Gold wants to break free
Gold has remained disappointedly range-bound through equity turmoil and rising geopolitical tensions. A flirt above $1360/oz last week was cut short by hawkish Fed minutes but more positive inflation prints could yet kick-start the returns needed to entice meaningful inflows
Inflation, Inflation, Inflation
Our bullish gold call centres on the belief that precious metal markets are still underpricing the full potential for inflation to pick up this year. Whilst this also raises the likelihood of a further three rate hikes in 2018, it will be the front-loading of inflation data that could spur gold’s long-awaited breakout, along with a little help from continued weakness in the US dollar and equity volatility. Establishing itself cleanly above $1350/oz is proving gold's biggest hurdle, but when it is done, gold stands its best chance to capture further flows from funds stuck on the sidelines.
Higher inflation is coming. Last week’s core inflation (ex-food, energy) registered a one-year high of 2.1% and the US 10-year breakeven rallied to a fresh high of 2.14%. Our economists expect inflation prints to remain high and nudge closer to 3% into summer now that a distortion from cell phone data pricing drops out of annual comparisons as well as support from a weaker dollar, rising housing/medical costs, and wage growth from a tightening labour market. Each positive data print will tempt gold closer to its higher range.
Wednesday's rising core inflation figure spurred only the briefest inflows into gold but were it not for Fed minutes being released so soon after, gold could well have gone on to accomplish its long-awaited breakout. On Wednesday, prices hit an intraday high of $1365, a level surpassed only once this year, but gains were not solidified as nervousness from the Fed minutes spurred a wave of profit-taking. Open interest on the Comex ended its three-day uptick and fell 4% through to Friday as the liquidation dragged prices back below $1350. The Commitment of Traders positioning report showed a continual lack of conviction from the fund community as net positions were almost flat in the week ending April 10th.

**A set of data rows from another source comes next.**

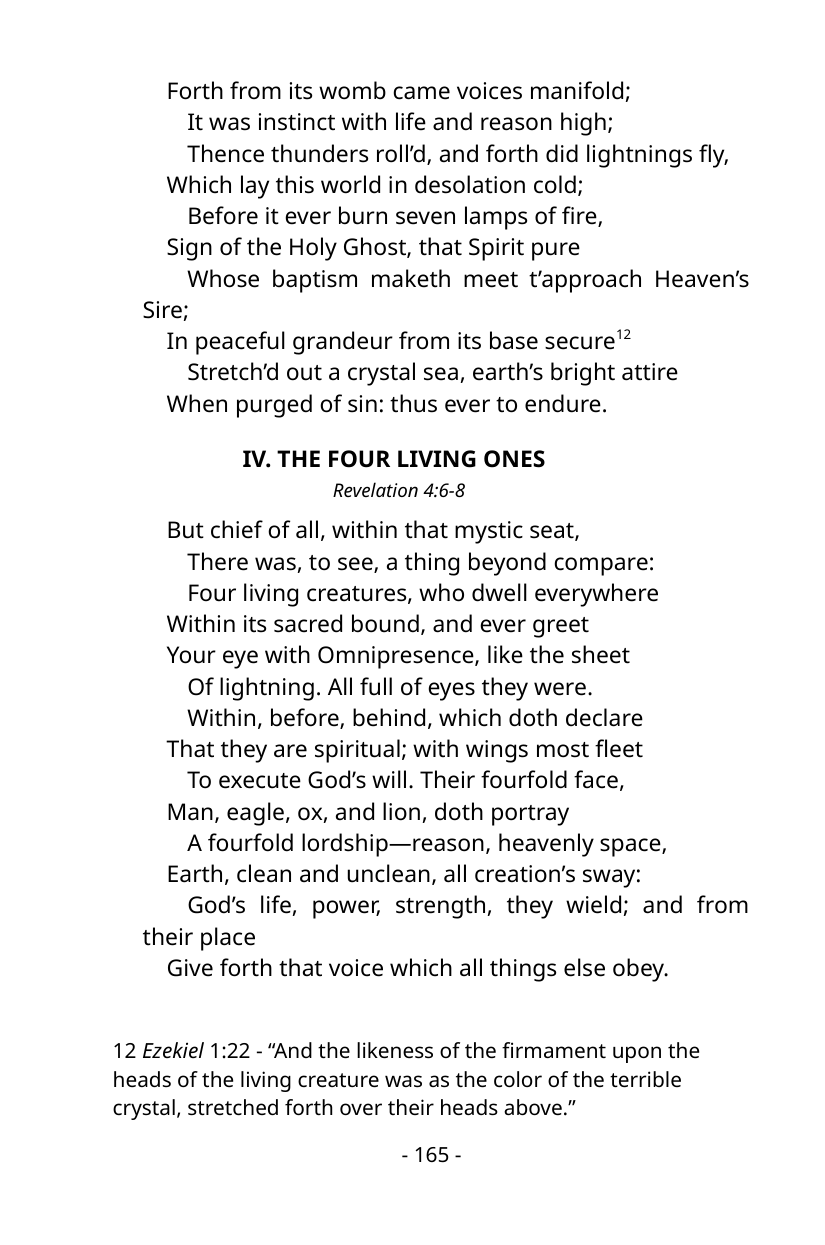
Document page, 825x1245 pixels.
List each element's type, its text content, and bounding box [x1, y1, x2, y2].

text It was instinct with life and reason high; [142, 106, 750, 137]
text That they are spiritual; with wings most fleet [142, 733, 750, 764]
text Stretch’d out a crystal sea, earth’s bright attire [142, 356, 750, 387]
text Thence thunders roll’d, and forth did lightnings fly, [142, 137, 750, 169]
text Within its sacred bound, and ever greet [142, 608, 750, 639]
text Your eye with Omnipresence, like the sheet [142, 639, 750, 671]
text God’s life, power, strength, they wield; and from their place [142, 889, 750, 952]
text Ezekiel 1:22 - “And the likeness of the firmament upon the heads of the living creature was as the color of the terrible crystal, stretched forth over their heads above.” [112, 1037, 750, 1122]
text Of lightning. All full of eyes they were. [142, 671, 750, 702]
text To execute God’s will. Their fourfold face, [142, 764, 750, 796]
text Before it ever burn seven lamps of fire, [142, 200, 750, 231]
text When purged of sin: thus ever to endure. [142, 387, 750, 419]
text Man, eagle, ox, and lion, doth portray [142, 796, 750, 827]
title IV. THE FOUR LIVING ONES [13, 443, 750, 474]
text Forth from its womb came voices manifold; [142, 75, 750, 106]
text But chief of all, within that mystic seat, [142, 514, 750, 546]
text Four living creatures, who dwell everywhere [142, 577, 750, 608]
text Within, before, behind, which doth declare [142, 702, 750, 733]
text There was, to see, a thing beyond compare: [142, 546, 750, 577]
text Give forth that voice which all things else obey. [142, 952, 750, 983]
text Whose baptism maketh meet t’approach Heaven’s Sire; [142, 262, 750, 325]
text Which lay this world in desolation cold; [142, 169, 750, 200]
text In peaceful grandeur from its base secure [142, 325, 750, 356]
text Sign of the Holy Ghost, that Spirit pure [142, 231, 750, 262]
subtitle Revelation 4:6-8 [26, 477, 750, 502]
text Earth, clean and unclean, all creation’s sway: [142, 858, 750, 889]
text A fourfold lordship—reason, heavenly space, [142, 827, 750, 858]
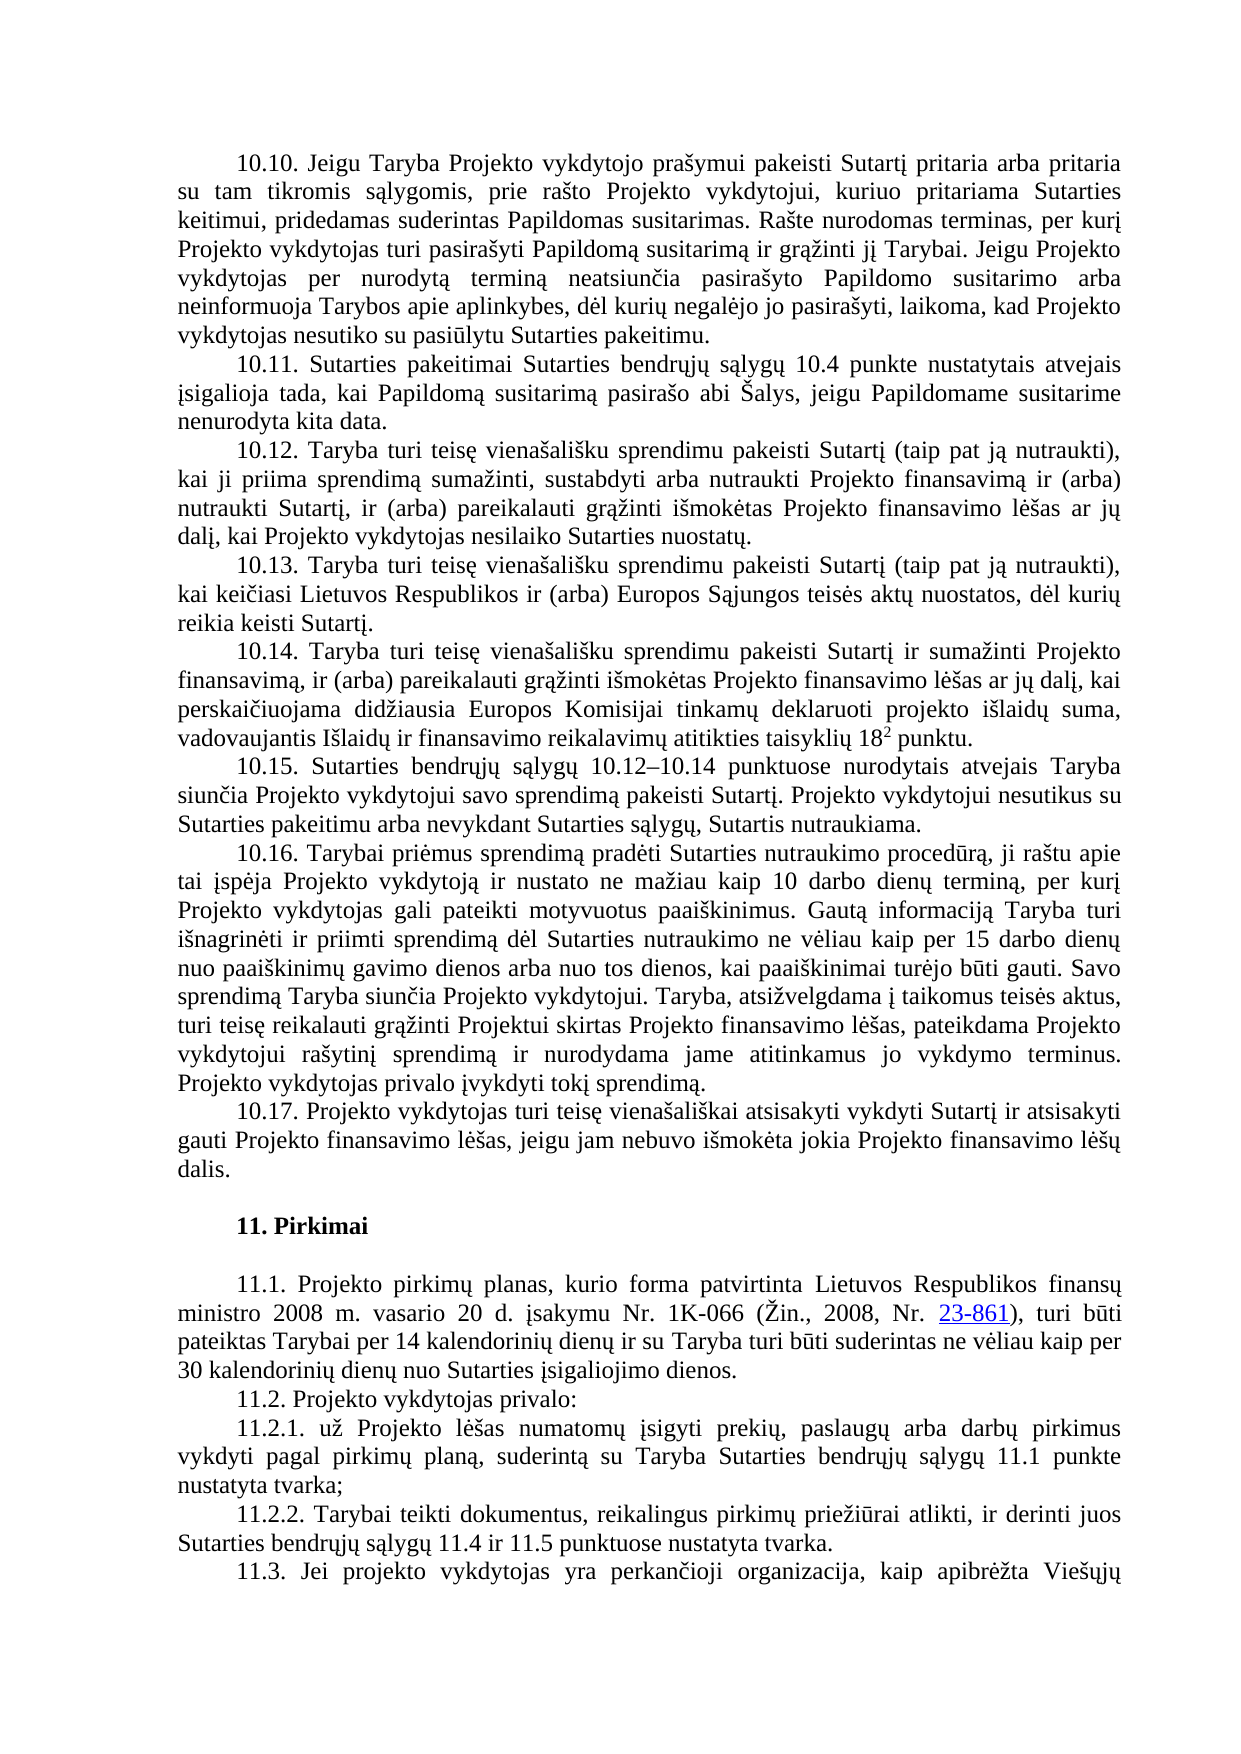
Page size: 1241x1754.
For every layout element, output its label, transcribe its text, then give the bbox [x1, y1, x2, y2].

text 10.17. Projekto vykdytojas turi teisę vienašališkai atsisakyti vykdyti Sutartį ir atsisakyti gauti Projekto finansavimo lėšas, jeigu jam nebuvo išmokėta jokia Projekto finansavimo lėšų dalis. [177, 1096, 1122, 1183]
text 10.16. Tarybai priėmus sprendimą pradėti Sutarties nutraukimo procedūrą, ji raštu apie tai įspėja Projekto vykdytoją ir nustato ne mažiau kaip 10 darbo dienų terminą, per kurį Projekto vykdytojas gali pateikti motyvuotus paaiškinimus. Gautą informaciją Taryba turi išnagrinėti ir priimti sprendimą dėl Sutarties nutraukimo ne vėliau kaip per 15 darbo dienų nuo paaiškinimų gavimo dienos arba nuo tos dienos, kai paaiškinimai turėjo būti gauti. Savo sprendimą Taryba siunčia Projekto vykdytojui. Taryba, atsižvelgdama į taikomus teisės aktus, turi teisę reikalauti grąžinti Projektui skirtas Projekto finansavimo lėšas, pateikdama Projekto vykdytojui rašytinį sprendimą ir nurodydama jame atitinkamus jo vykdymo terminus. Projekto vykdytojas privalo įvykdyti tokį sprendimą. [177, 838, 1122, 1096]
text 11.2.2. Tarybai teikti dokumentus, reikalingus pirkimų priežiūrai atlikti, ir derinti juos Sutarties bendrųjų sąlygų 11.4 ir 11.5 punktuose nustatyta tvarka. [177, 1499, 1122, 1556]
text 11.1. Projekto pirkimų planas, kurio forma patvirtinta Lietuvos Respublikos finansų ministro 2008 m. vasario 20 d. įsakymu Nr. 1K-066 (Žin., 2008, Nr. 23-861), turi būti pateiktas Tarybai per 14 kalendorinių dienų ir su Taryba turi būti suderintas ne vėliau kaip per 30 kalendorinių dienų nuo Sutarties įsigaliojimo dienos. [177, 1269, 1122, 1384]
text 10.15. Sutarties bendrųjų sąlygų 10.12–10.14 punktuose nurodytais atvejais Taryba siunčia Projekto vykdytojui savo sprendimą pakeisti Sutartį. Projekto vykdytojui nesutikus su Sutarties pakeitimu arba nevykdant Sutarties sąlygų, Sutartis nutraukiama. [177, 751, 1122, 838]
text 10.11. Sutarties pakeitimai Sutarties bendrųjų sąlygų 10.4 punkte nustatytais atvejais įsigalioja tada, kai Papildomą susitarimą pasirašo abi Šalys, jeigu Papildomame susitarime nenurodyta kita data. [177, 349, 1122, 435]
text 10.13. Taryba turi teisę vienašališku sprendimu pakeisti Sutartį (taip pat ją nutraukti), kai keičiasi Lietuvos Respublikos ir (arba) Europos Sąjungos teisės aktų nuostatos, dėl kurių reikia keisti Sutartį. [177, 550, 1122, 636]
text 11.2.1. už Projekto lėšas numatomų įsigyti prekių, paslaugų arba darbų pirkimus vykdyti pagal pirkimų planą, suderintą su Taryba Sutarties bendrųjų sąlygų 11.1 punkte nustatyta tvarka; [177, 1413, 1122, 1499]
text 11. Pirkimai [177, 1211, 1122, 1240]
text 11.2. Projekto vykdytojas privalo: [177, 1384, 1122, 1413]
text 10.12. Taryba turi teisę vienašališku sprendimu pakeisti Sutartį (taip pat ją nutraukti), kai ji priima sprendimą sumažinti, sustabdyti arba nutraukti Projekto finansavimą ir (arba) nutraukti Sutartį, ir (arba) pareikalauti grąžinti išmokėtas Projekto finansavimo lėšas ar jų dalį, kai Projekto vykdytojas nesilaiko Sutarties nuostatų. [177, 435, 1122, 550]
text 10.10. Jeigu Taryba Projekto vykdytojo prašymui pakeisti Sutartį pritaria arba pritaria su tam tikromis sąlygomis, prie rašto Projekto vykdytojui, kuriuo pritariama Sutarties keitimui, pridedamas suderintas Papildomas susitarimas. Rašte nurodomas terminas, per kurį Projekto vykdytojas turi pasirašyti Papildomą susitarimą ir grąžinti jį Tarybai. Jeigu Projekto vykdytojas per nurodytą terminą neatsiunčia pasirašyto Papildomo susitarimo arba neinformuoja Tarybos apie aplinkybes, dėl kurių negalėjo jo pasirašyti, laikoma, kad Projekto vykdytojas nesutiko su pasiūlytu Sutarties pakeitimu. [177, 148, 1122, 349]
text 11.3. Jei projekto vykdytojas yra perkančioji organizacija, kaip apibrėžta Viešųjų [177, 1556, 1122, 1585]
text 10.14. Taryba turi teisę vienašališku sprendimu pakeisti Sutartį ir sumažinti Projekto finansavimą, ir (arba) pareikalauti grąžinti išmokėtas Projekto finansavimo lėšas ar jų dalį, kai perskaičiuojama didžiausia Europos Komisijai tinkamų deklaruoti projekto išlaidų suma, vadovaujantis Išlaidų ir finansavimo reikalavimų atitikties taisyklių 182 punktu. [177, 636, 1122, 751]
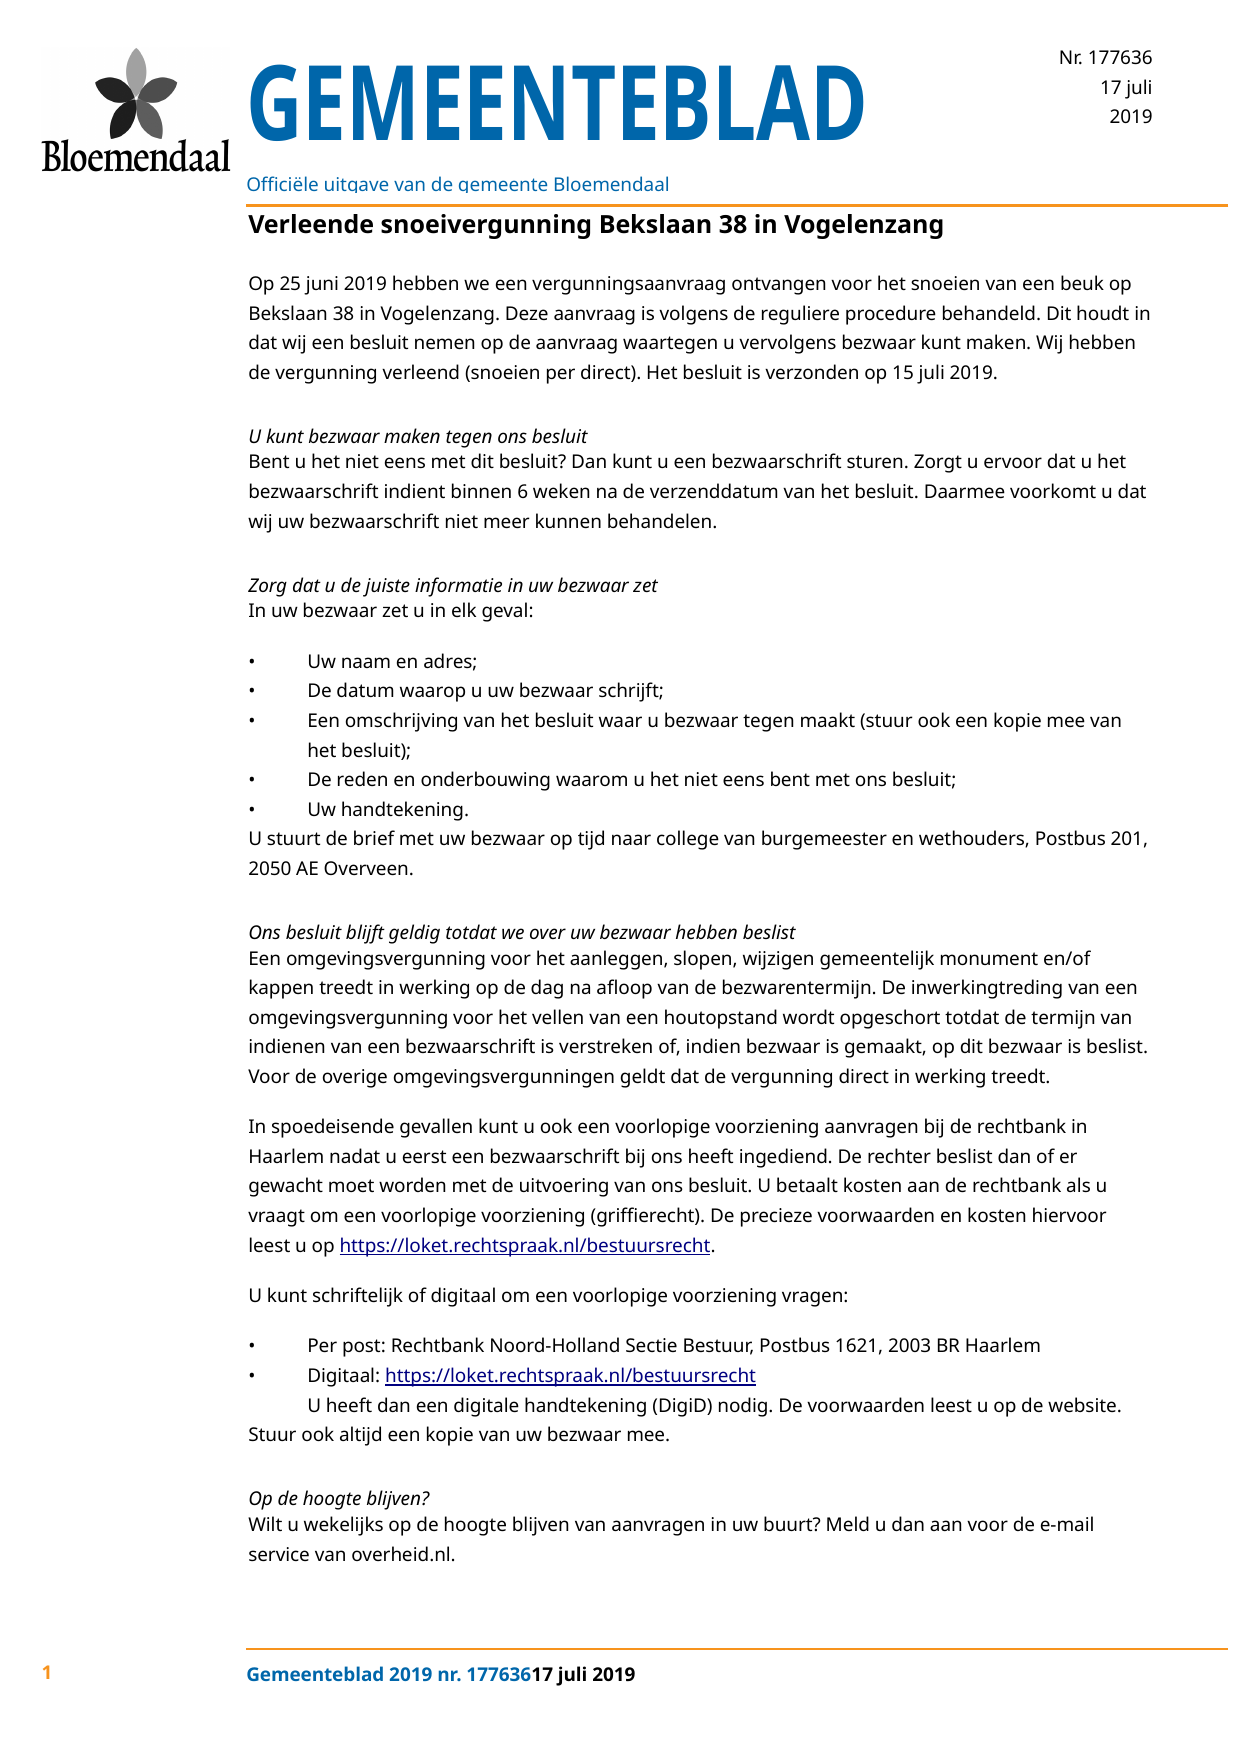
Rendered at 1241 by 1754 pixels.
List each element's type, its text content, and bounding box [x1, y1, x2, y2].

list Per post: Rechtbank Noord-Holland Sectie Bestuur, Postbus 1621, 2003 BR Haarlem [248, 1333, 1152, 1358]
list De reden en onderbouwing waarom u het niet eens bent met ons besluit; [248, 766, 1152, 792]
text Bent u het niet eens met dit besluit? Dan kunt u een bezwaarschrift sturen. Zorgt u ervoor dat u het bezwaarschrift indient binnen 6 weken na de verzenddatum van het besluit. Daarmee voorkomt u dat wij uw bezwaarschrift niet meer kunnen behandelen. [248, 449, 1152, 534]
text U stuurt de brief met uw bezwaar op tijd naar college van burgemeester en wethouders, Postbus 201, 2050 AE Overveen. [248, 826, 1152, 881]
text U kunt bezwaar maken tegen ons besluit [248, 423, 1152, 449]
text Wilt u wekelijks op de hoogte blijven van aanvragen in uw buurt? Meld u dan aan voor de e-mail service van overheid.nl. [248, 1511, 1152, 1566]
list Digitaal: https://loket.rechtspraak.nl/bestuursrecht [248, 1362, 1152, 1388]
list Uw naam en adres; [248, 648, 1152, 674]
text In uw bezwaar zet u in elk geval: [248, 598, 1152, 623]
picture [41, 47, 231, 172]
text Zorg dat u de juiste informatie in uw bezwaar zet [248, 572, 1152, 598]
list De datum waarop u uw bezwaar schrijft; [248, 678, 1152, 703]
text Ons besluit blijft geldig totdat we over uw bezwaar hebben beslist [248, 919, 1152, 945]
text Stuur ook altijd een kopie van uw bezwaar mee. [248, 1421, 1152, 1447]
text Verleende snoeivergunning Bekslaan 38 in Vogelenzang [248, 207, 1152, 241]
text Op 25 juni 2019 hebben we een vergunningsaanvraag ontvangen voor het snoeien van een beuk op Bekslaan 38 in Vogelenzang. Deze aanvraag is volgens de reguliere procedure behandeld. Dit houdt in dat wij een besluit nemen op de aanvraag waartegen u vervolgens bezwaar kunt maken. Wij hebben de vergunning verleend (snoeien per direct). Het besluit is verzonden op 15 juli 2019. [248, 270, 1152, 385]
text U kunt schriftelijk of digitaal om een voorlopige voorziening vragen: [248, 1282, 1152, 1308]
list Uw handtekening. [248, 796, 1152, 822]
text Op de hoogte blijven? [248, 1485, 1152, 1511]
text Een omgevingsvergunning voor het aanleggen, slopen, wijzigen gemeentelijk monument en/of kappen treedt in werking op de dag na afloop van de bezwarentermijn. De inwerkingtreding van een omgevingsvergunning voor het vellen van een houtopstand wordt opgeschort totdat de termijn van indienen van een bezwaarschrift is verstreken of, indien bezwaar is gemaakt, op dit bezwaar is beslist. Voor de overige omgevingsvergunningen geldt dat de vergunning direct in werking treedt. [248, 945, 1152, 1089]
list Een omschrijving van het besluit waar u bezwaar tegen maakt (stuur ook een kopie mee van het besluit); [248, 707, 1152, 762]
text In spoedeisende gevallen kunt u ook een voorlopige voorziening aanvragen bij de rechtbank in Haarlem nadat u eerst een bezwaarschrift bij ons heeft ingediend. De rechter beslist dan of er gewacht moet worden met de uitvoering van ons besluit. U betaalt kosten aan de rechtbank als u vraagt om een voorlopige voorziening (griffierecht). De precieze voorwaarden en kosten hiervoor leest u op https://loket.rechtspraak.nl/bestuursrecht. [248, 1113, 1152, 1258]
list U heeft dan een digitale handtekening (DigiD) nodig. De voorwaarden leest u op de website. [248, 1392, 1152, 1418]

Look beyond outright positioning in futures/currency markets however and signals suggest the general positioning on gold is indeed bullish, albeit on the sidelines. ETF gold holdings are up by over 1Moz in the first two weeks of April (highest since 2013), short interest on the SPDR Gold ETF is down to its lowest for 12 months, and the risk reversals (25 delta 3M calls- puts) have surged to the highest since they briefly spiked after the 2016 US election. The market is increasingly skewed to the upside but it will need to be nudged into taking outright positions through an initial breakout in prices.
Today’s flat performance- even after an easing in Syria fears following missile strikes at the weekend- reaffirms an underlying support for the yellow metal and it’s likely that the re-emergence of geopolitical tensions (Syria, Russia, trade wars), a weaker dollar (ING forecasting 1.3 by year end), and equity volatility (VIX at 17%), could spark those enticing returns.
Breakeven nudges up with inflation expectations but gold stays in range ($/oz)
Options have biggest upside skew since 2016
Silver's fundamentals support a turn in the gold-silver ratio
The gold-silver ratio has averaged 81x to date in April, a level only briefly surpassed in 2016 and otherwise unseen since the global financial crisis. Our conviction that this ratio is too high and set to turn was reinforced by the 2018 GFMS silver survey published last week. The report shows that the silver market recorded a deficit last year for a fifth consecutive year, even as retail investment (coin and bars) fell 27% YoY. A 4% decline in mine supply this year will probably recover somewhat next year but a continued recovery in industrial demand (+4% in 2017 and growing for the first time since 2012) is expected to support the fundamentals. We also note that the lowest coins and bars investment since 2010 is likely to have bottomed given the correction in equity markets and crypto-currencies. Silver ETF holdings have jumped 820koz in April showing the allure of a cheap silver-gold ratio is indeed attracting investor holdings.
An abundant supply of liquid above ground stocks will nonetheless see flows dictate prices over fundamentals and we think the net short position in silver is unsustainable, prompting a recovery. CFTC data shows money managers remained a net short of 14.8k lots as of April 10th, the fourth net short position in a row, and at the largest portion of open interest since 1987. This leaves the market extremely vulnerable to short covering although time could be running out. Open interest has already retreated 10% from its April 6th high as prices remain range-bound. A sharp gold-silver ratio reversal will likely take gold’s initial uplift to squeeze out the silver shorts before the funds show further fatigue.